Exercise >>
Write every entry out again with no changes, and leave the images behind.
** The data follows **
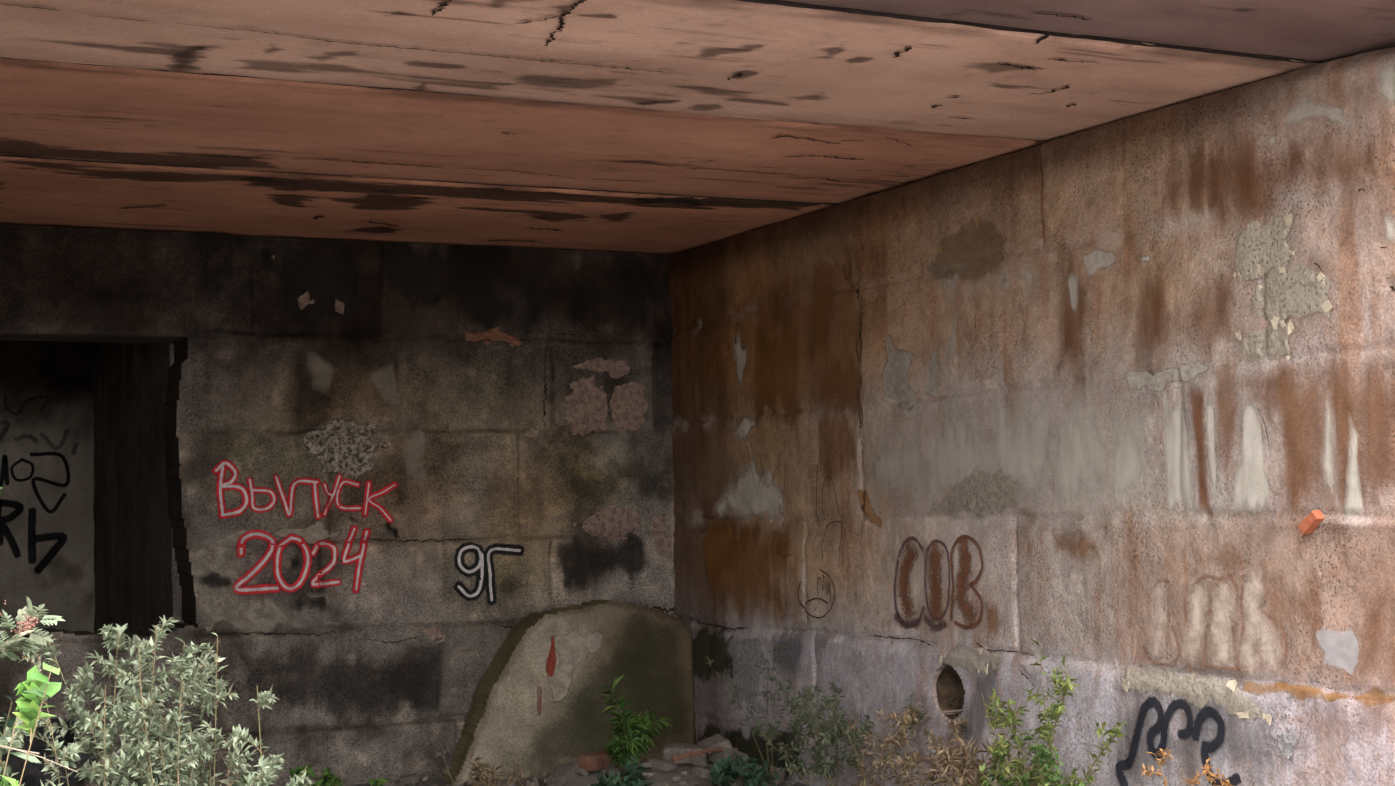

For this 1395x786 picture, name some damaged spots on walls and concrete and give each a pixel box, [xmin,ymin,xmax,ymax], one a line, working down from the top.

crack [0,0,678,74]
spalling [564,358,649,436]
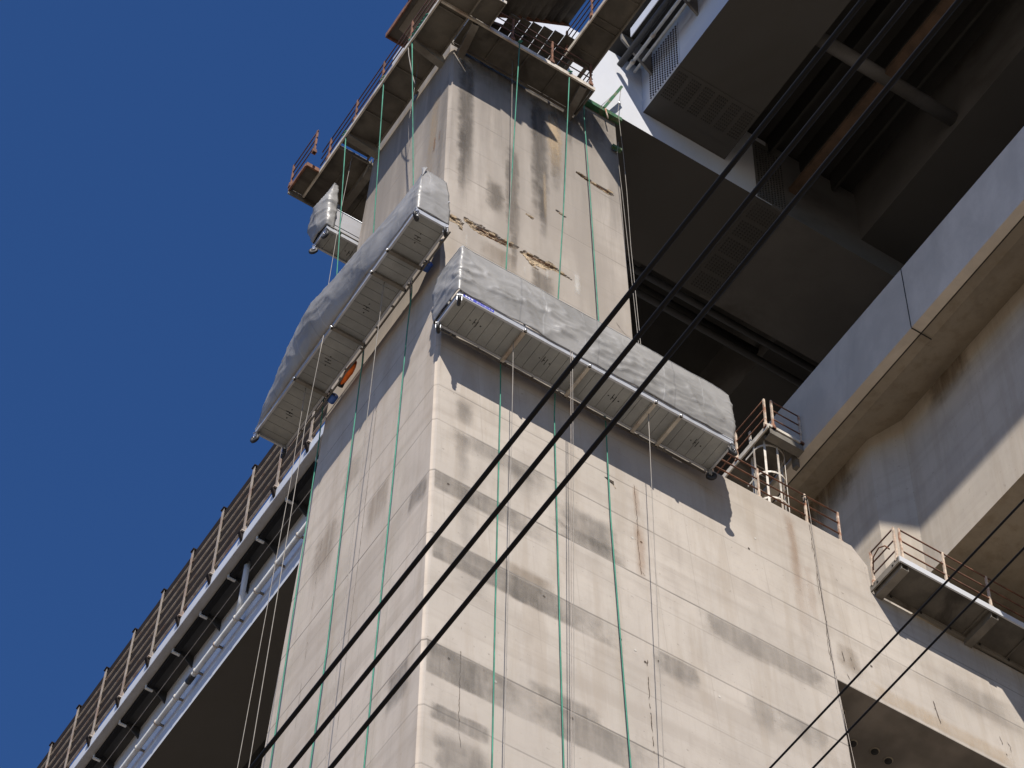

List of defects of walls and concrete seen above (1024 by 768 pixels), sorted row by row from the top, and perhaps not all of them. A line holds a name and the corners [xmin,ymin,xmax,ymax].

leakage [460,53,602,224]
spalling [577,172,614,196]
spalling [449,214,565,277]
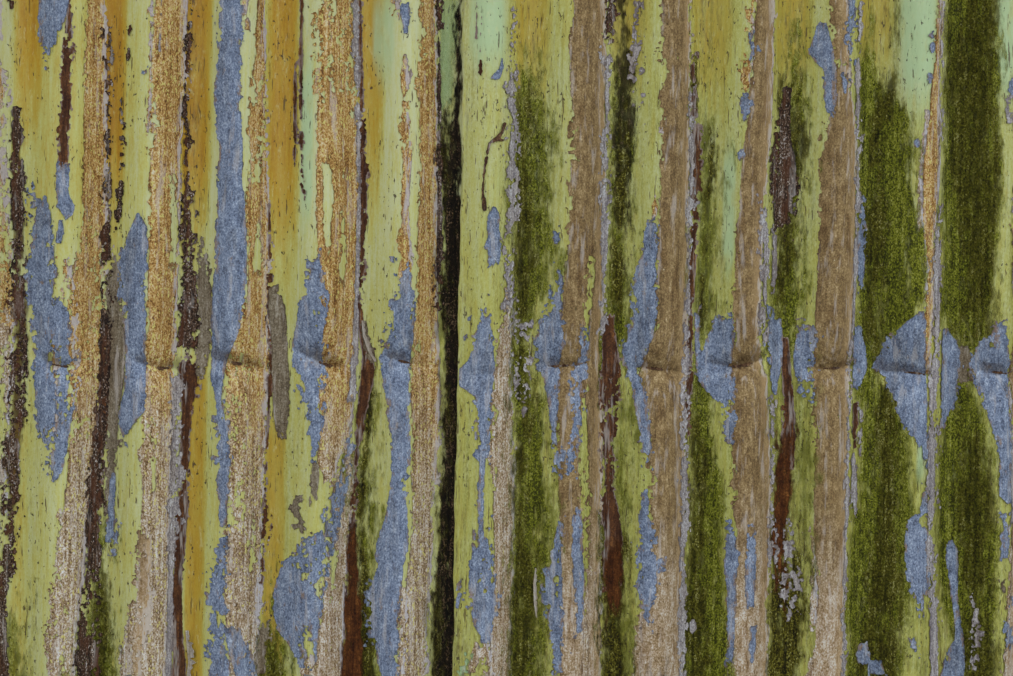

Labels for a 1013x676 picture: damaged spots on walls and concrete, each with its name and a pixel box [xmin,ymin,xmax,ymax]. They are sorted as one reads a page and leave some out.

peeling [0,0,445,676]
rust [341,0,375,676]
peeling [456,283,517,676]
water stain [500,6,534,418]
rust [597,314,624,622]
rust [769,337,799,592]
peeling [619,0,1013,676]
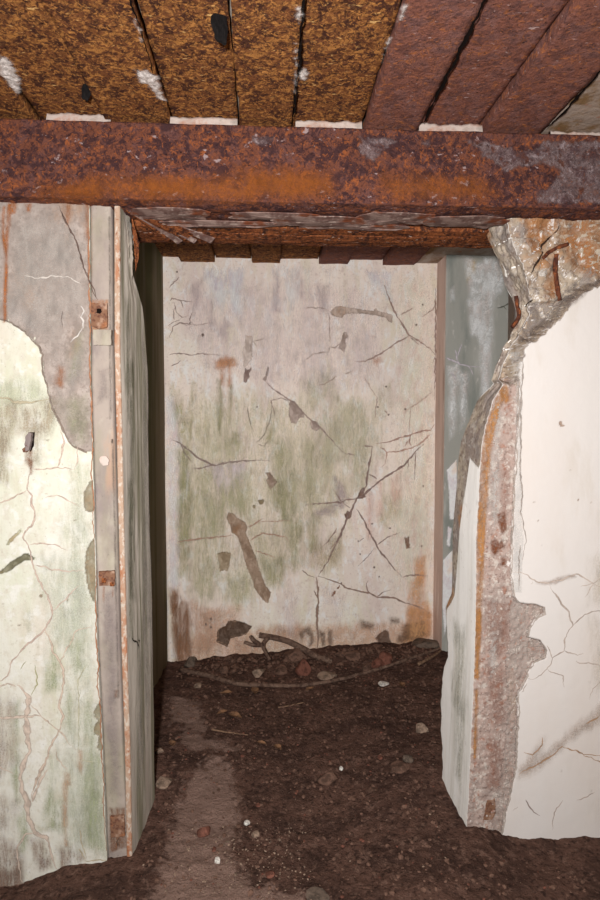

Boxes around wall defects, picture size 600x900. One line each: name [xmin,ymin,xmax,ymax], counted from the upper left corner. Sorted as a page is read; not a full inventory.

rust [3,205,14,322]
spalling [0,554,35,574]
spalling [0,202,92,453]
crack [0,433,92,803]
crack [59,206,98,300]
rust [87,206,107,560]
spalling [227,512,271,603]
crack [292,0,305,120]
leakage [166,397,431,661]
crack [173,285,480,648]
spalling [443,218,600,835]
rust [468,140,600,204]
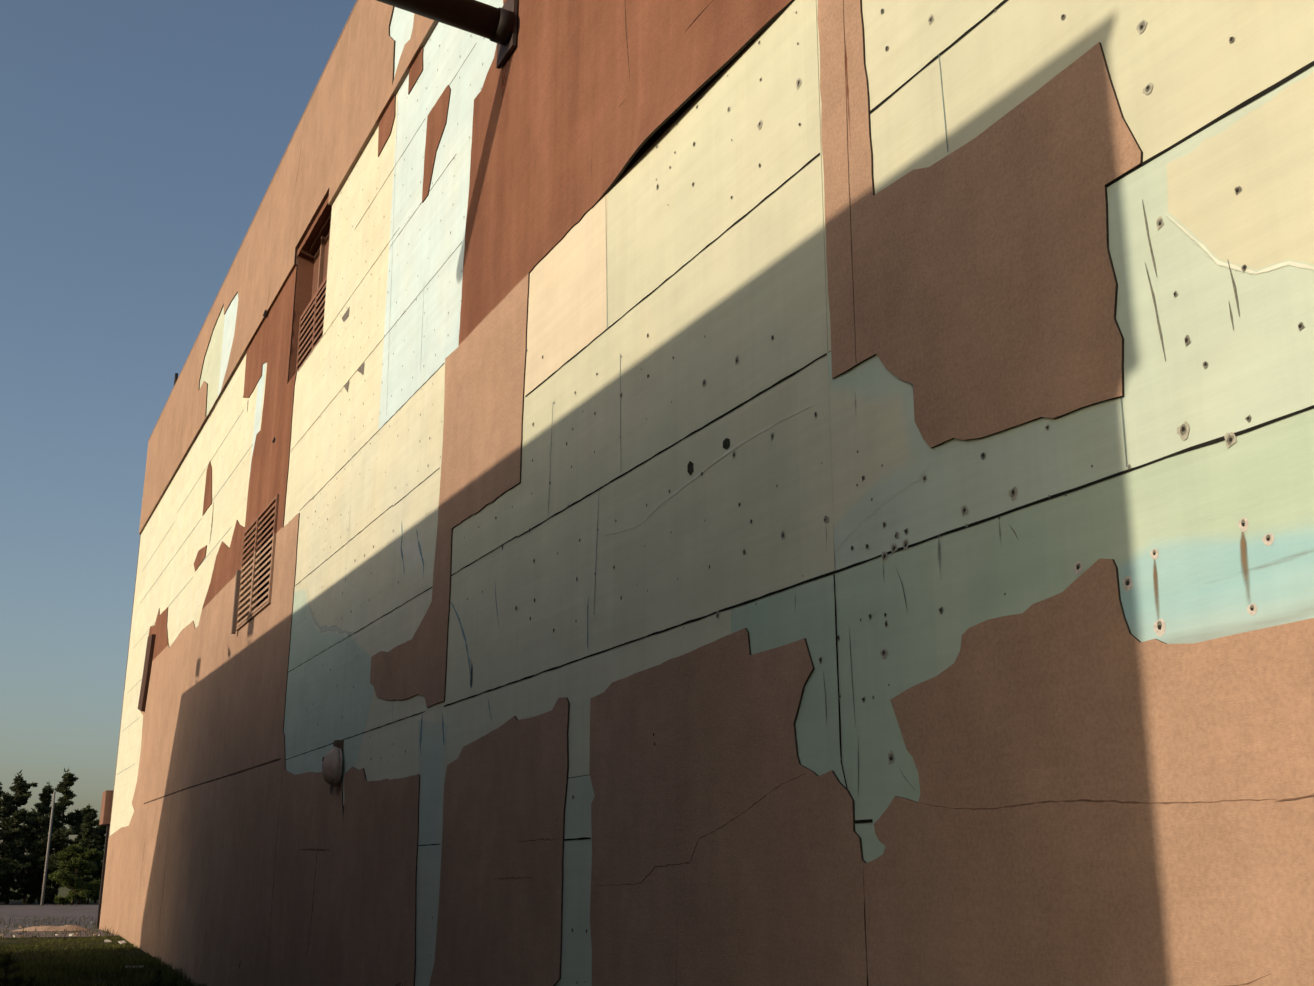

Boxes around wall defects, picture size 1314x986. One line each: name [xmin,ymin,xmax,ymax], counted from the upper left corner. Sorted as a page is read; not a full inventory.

peeling [109,293,276,836]
crack [597,774,804,886]
peeling [284,0,1314,986]
crack [923,793,1314,810]
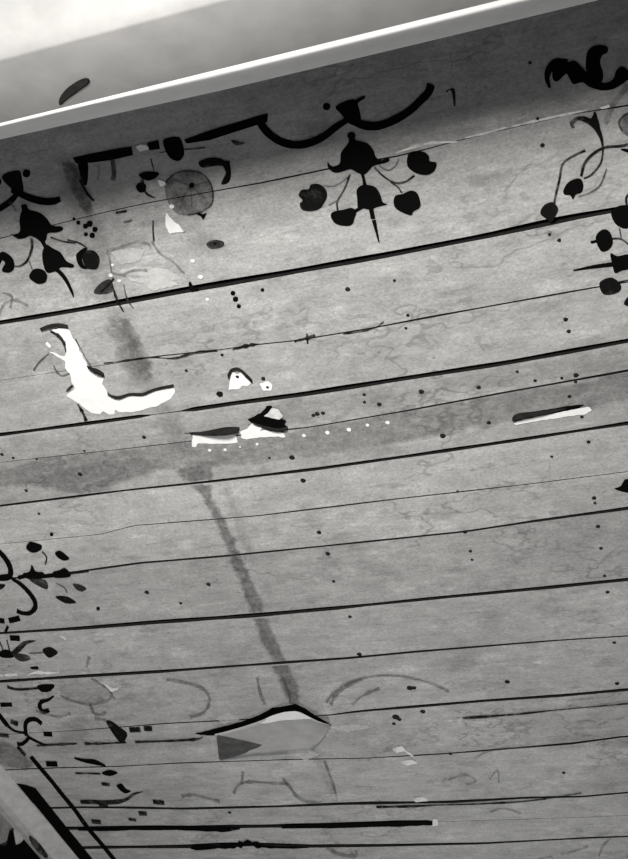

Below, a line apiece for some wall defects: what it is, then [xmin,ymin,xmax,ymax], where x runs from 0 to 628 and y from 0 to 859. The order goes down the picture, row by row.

peeling [33,323,175,415]
peeling [216,367,272,397]
peeling [189,406,288,452]
peeling [512,405,592,425]
** End of The data **
Result of this task >>
For this 1395x786 picture, name some damaged spots on walls and concrete and give each a pixel box, [xmin,ymin,xmax,ymax], one a line, working down from the top.

crack [0,0,678,74]
spalling [564,358,649,436]

List of defects of walls and concrete seen above (1024 by 768 pixels), sorted row by row from the top, and perhaps not all of them. A line holds a name and the corners [xmin,ymin,xmax,ymax].

leakage [460,53,602,224]
spalling [577,172,614,196]
spalling [449,214,565,277]

Labels for a 1013x676 picture: damaged spots on walls and concrete, each with its name and a pixel box [xmin,ymin,xmax,ymax]. They are sorted as one reads a page and leave some out.

peeling [0,0,445,676]
rust [341,0,375,676]
peeling [456,283,517,676]
water stain [500,6,534,418]
rust [597,314,624,622]
rust [769,337,799,592]
peeling [619,0,1013,676]

Boxes around wall defects, picture size 600x900. One line each: name [xmin,ymin,xmax,ymax], counted from the upper left corner. Sorted as a page is read; not a full inventory.

rust [3,205,14,322]
spalling [0,554,35,574]
spalling [0,202,92,453]
crack [0,433,92,803]
crack [59,206,98,300]
rust [87,206,107,560]
spalling [227,512,271,603]
crack [292,0,305,120]
leakage [166,397,431,661]
crack [173,285,480,648]
spalling [443,218,600,835]
rust [468,140,600,204]

Boxes around wall defects, picture size 1314x986. One line each: name [xmin,ymin,xmax,ymax], counted from the upper left corner. Sorted as a page is read; not a full inventory.

peeling [109,293,276,836]
crack [597,774,804,886]
peeling [284,0,1314,986]
crack [923,793,1314,810]

Below, a line apiece for some wall defects: what it is, then [xmin,ymin,xmax,ymax], where x runs from 0 to 628 and y from 0 to 859. The order goes down the picture, row by row.

peeling [33,323,175,415]
peeling [216,367,272,397]
peeling [189,406,288,452]
peeling [512,405,592,425]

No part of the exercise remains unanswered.